● **TO DO**
The expected output is a verbatim reprint of the lines from the beginning of the data that follows through the line that contains "Reply with one".
════════════════
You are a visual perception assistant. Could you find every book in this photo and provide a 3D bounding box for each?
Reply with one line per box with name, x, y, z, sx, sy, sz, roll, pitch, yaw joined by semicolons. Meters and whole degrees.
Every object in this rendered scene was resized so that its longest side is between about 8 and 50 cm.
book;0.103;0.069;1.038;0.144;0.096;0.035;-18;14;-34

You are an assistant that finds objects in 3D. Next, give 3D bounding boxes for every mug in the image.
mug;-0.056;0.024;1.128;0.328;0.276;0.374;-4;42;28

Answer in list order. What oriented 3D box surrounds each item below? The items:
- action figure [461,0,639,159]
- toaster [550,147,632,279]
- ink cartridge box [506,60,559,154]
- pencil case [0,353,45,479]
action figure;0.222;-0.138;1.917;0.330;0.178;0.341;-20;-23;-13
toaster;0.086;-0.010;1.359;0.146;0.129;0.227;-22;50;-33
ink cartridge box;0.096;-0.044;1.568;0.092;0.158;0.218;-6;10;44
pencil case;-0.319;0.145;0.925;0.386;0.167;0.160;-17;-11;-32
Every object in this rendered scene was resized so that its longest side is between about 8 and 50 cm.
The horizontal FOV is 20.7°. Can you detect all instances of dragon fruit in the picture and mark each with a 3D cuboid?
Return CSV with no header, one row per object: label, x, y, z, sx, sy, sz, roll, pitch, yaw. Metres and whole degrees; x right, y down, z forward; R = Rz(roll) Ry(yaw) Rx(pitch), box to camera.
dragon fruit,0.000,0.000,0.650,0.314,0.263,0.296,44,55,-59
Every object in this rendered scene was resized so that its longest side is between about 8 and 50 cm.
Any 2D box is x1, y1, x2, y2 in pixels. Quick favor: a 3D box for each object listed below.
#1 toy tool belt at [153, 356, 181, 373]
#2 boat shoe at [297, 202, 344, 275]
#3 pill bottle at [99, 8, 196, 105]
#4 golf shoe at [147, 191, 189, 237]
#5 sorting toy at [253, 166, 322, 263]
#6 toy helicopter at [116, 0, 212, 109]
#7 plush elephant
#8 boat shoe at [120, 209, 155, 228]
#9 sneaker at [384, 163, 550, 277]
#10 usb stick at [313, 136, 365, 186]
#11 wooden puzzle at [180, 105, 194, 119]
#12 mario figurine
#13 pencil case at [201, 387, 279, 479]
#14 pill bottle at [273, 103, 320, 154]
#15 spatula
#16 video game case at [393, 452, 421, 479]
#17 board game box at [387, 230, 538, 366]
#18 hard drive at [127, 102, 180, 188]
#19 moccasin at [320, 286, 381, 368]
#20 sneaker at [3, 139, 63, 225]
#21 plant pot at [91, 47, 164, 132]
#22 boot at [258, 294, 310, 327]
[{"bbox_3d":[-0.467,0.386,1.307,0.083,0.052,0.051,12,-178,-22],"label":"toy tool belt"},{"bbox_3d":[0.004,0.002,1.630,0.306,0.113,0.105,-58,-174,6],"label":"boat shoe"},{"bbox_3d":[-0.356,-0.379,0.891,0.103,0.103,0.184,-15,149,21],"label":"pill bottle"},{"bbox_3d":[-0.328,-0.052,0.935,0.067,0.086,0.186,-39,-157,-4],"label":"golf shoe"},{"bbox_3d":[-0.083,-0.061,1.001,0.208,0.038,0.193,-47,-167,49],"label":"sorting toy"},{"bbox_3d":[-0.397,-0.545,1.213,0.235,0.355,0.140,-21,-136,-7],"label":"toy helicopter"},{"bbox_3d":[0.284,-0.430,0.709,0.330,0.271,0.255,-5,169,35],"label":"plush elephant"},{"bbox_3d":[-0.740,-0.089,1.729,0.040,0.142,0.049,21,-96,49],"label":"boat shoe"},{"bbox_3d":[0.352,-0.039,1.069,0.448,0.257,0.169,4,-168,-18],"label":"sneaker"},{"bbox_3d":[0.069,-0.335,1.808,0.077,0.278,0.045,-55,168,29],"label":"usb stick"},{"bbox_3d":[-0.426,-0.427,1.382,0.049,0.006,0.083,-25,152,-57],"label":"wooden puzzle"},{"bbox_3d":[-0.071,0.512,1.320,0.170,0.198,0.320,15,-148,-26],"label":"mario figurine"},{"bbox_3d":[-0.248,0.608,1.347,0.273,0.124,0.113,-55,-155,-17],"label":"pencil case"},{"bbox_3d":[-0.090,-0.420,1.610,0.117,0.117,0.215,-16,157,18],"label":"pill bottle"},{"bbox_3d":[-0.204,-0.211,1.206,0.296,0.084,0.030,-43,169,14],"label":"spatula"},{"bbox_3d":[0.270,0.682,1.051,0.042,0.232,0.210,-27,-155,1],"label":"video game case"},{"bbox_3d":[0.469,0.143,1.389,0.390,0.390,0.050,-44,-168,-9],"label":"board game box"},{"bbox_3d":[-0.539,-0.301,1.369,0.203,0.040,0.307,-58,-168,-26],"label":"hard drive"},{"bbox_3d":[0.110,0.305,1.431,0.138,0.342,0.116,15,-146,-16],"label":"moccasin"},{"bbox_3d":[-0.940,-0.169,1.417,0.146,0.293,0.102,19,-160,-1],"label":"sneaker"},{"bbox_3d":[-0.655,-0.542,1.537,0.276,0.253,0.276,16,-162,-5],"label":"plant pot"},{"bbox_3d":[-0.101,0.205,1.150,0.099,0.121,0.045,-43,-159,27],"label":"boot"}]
════════════════
● **COMPLETED TASK**
You are a visual perception assistant. Could you find every book in this photo and provide a 3D bounding box for each?
Reply with one line per box with name, x, y, z, sx, sy, sz, roll, pitch, yaw joined by semicolons. Meters and whole degrees.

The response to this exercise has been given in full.